1950
«Ser matrona es el oficio más bonito del mundo», dice Angelina Martínez, aunque tenga que estar disponible las 24 horas
Tres aldabonazos resuenan en la madrugada de Dos Hermanas. La puerta del número 14 de la calle Pedro Parias (Romera) ha sido golpeada por el puño nervioso de un hombre. Se enciende una luz en el interior de la casa. Una mujer asoma en camisón. “Mi mujer se ha puesto de parto”, dice el hombre. “¿Cuando empezaron los dolores?”, pregunta ella. “Hace una hora”. “Bueno, mientras me arreglo ve llamando al municipal”, le apremia ella. El diálogo es breve, preciso, diríase que mecánico, pues se repite con frecuencia. Así vienen al mundo los niños en 1950. Todo el pueblo sabe dónde vive la matrona. Y Angelina Martínez sabe que ha de estar disponible las 24 horas.
Dar vida en una chabola
Por eso, ella y su marido dormirán en los años sucesivos en la planta de abajo y los niños (tendrán cuatro) en la de arriba, para no despertarlos cuando vengan a buscarla de madrugada. Pero en este momento que narramos, el matrimonio solo tiene a María Rosa. El marido, José María, regenta una bodega cerca de la estación y también debe madrugar para poner los cafés, así que la partera, antes de salir, ha envuelto a su hija de cinco años en una manta y la ha dejado con su vecina María Pérez, de los “Chaparrejos”, con quien solo unas horas antes ha estado en la puerta tomando el fresco en sus mecedoras, comiendo pipas y viendo salir de la cooperativa a los panaderos después de meter el pan en el horno.

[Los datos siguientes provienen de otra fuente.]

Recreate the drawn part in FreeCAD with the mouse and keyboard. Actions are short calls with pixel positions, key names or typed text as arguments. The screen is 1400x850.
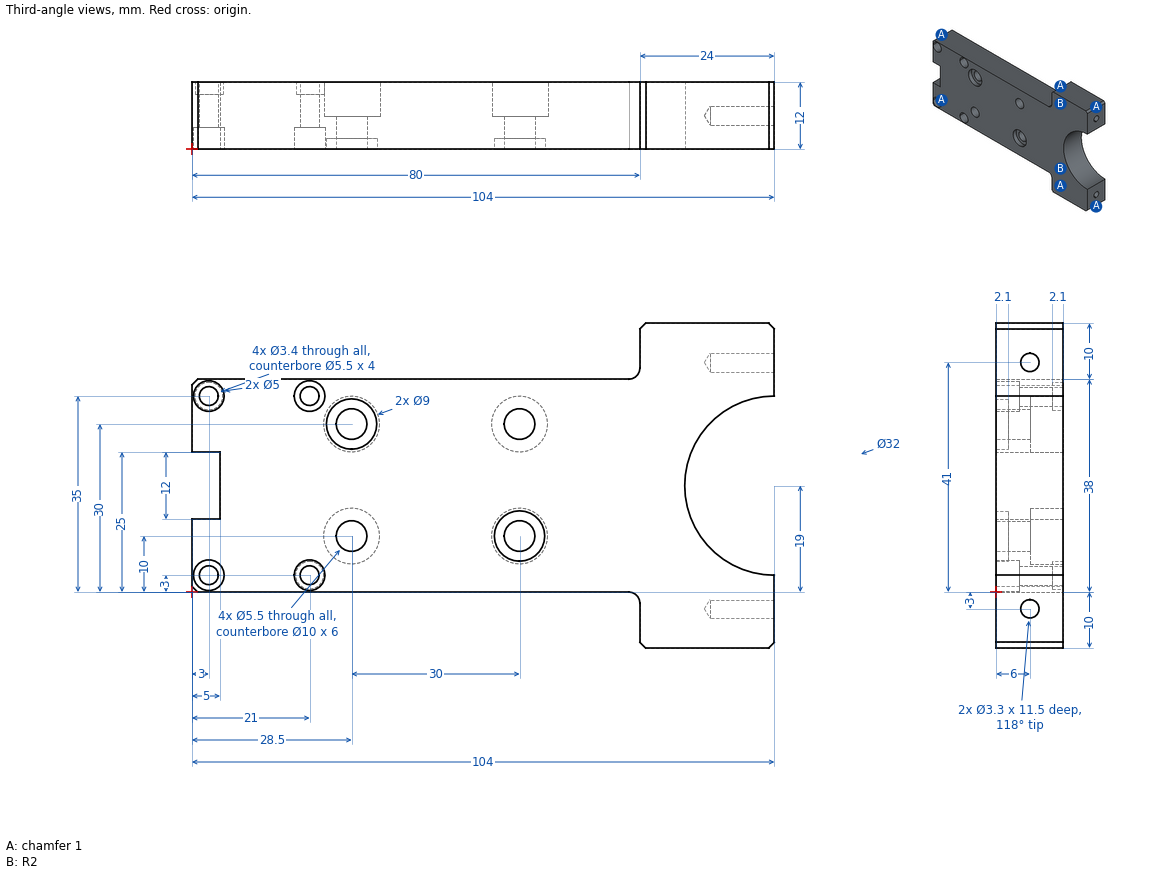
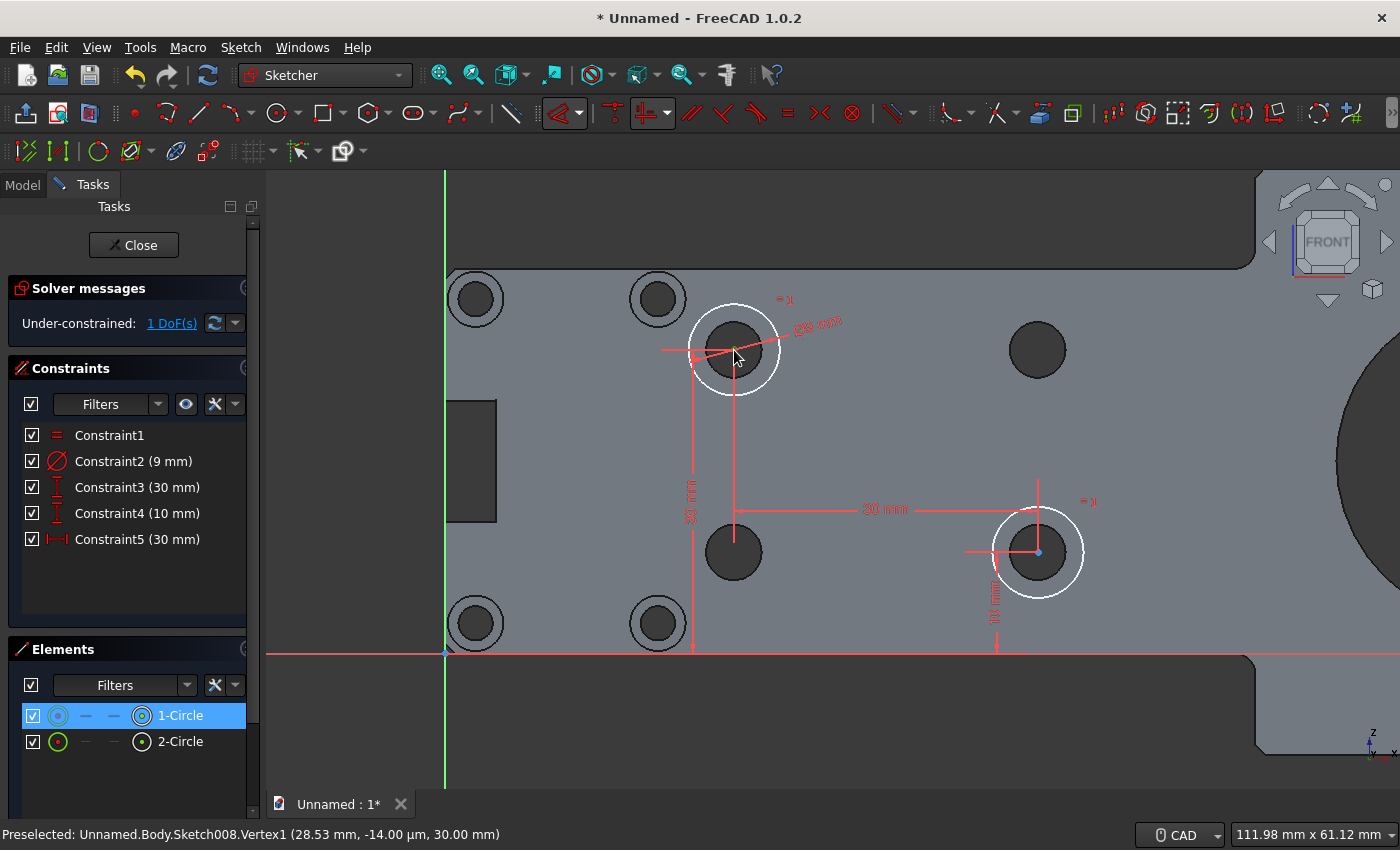
click(582, 114)

El parto es en La Vereda del Garaje. Las tres sombras atraviesan El Arenal, cruzan la vía del tren, dejan atrás los almacenes de Carbonell y Armando Soto. La Venta “La Viña”, una choza camino del cementerio, se vislumbra a lo lejos. Hay charcos en las calles de terrizo, que el municipal va iluminando con un farol. La parturienta gime dentro de la chabola, rodeada de familiares y vecinas. Angelina toma las riendas de la situación. Sabe lo que hay que hacer. “¡Todo el mundo fuera!”, ordena a los que rodean a la mujer. “¿Habeis calentado agua?”, pregunta. Y bajo la luz de un triste candil, habla con firmeza y anima con dulzura a la parturienta y hace lo que mejor sabe: ayudar a ver nacer la vida. Porque Angelina Martínez Ariza siente que la suya es la profesión más bonita del mundo.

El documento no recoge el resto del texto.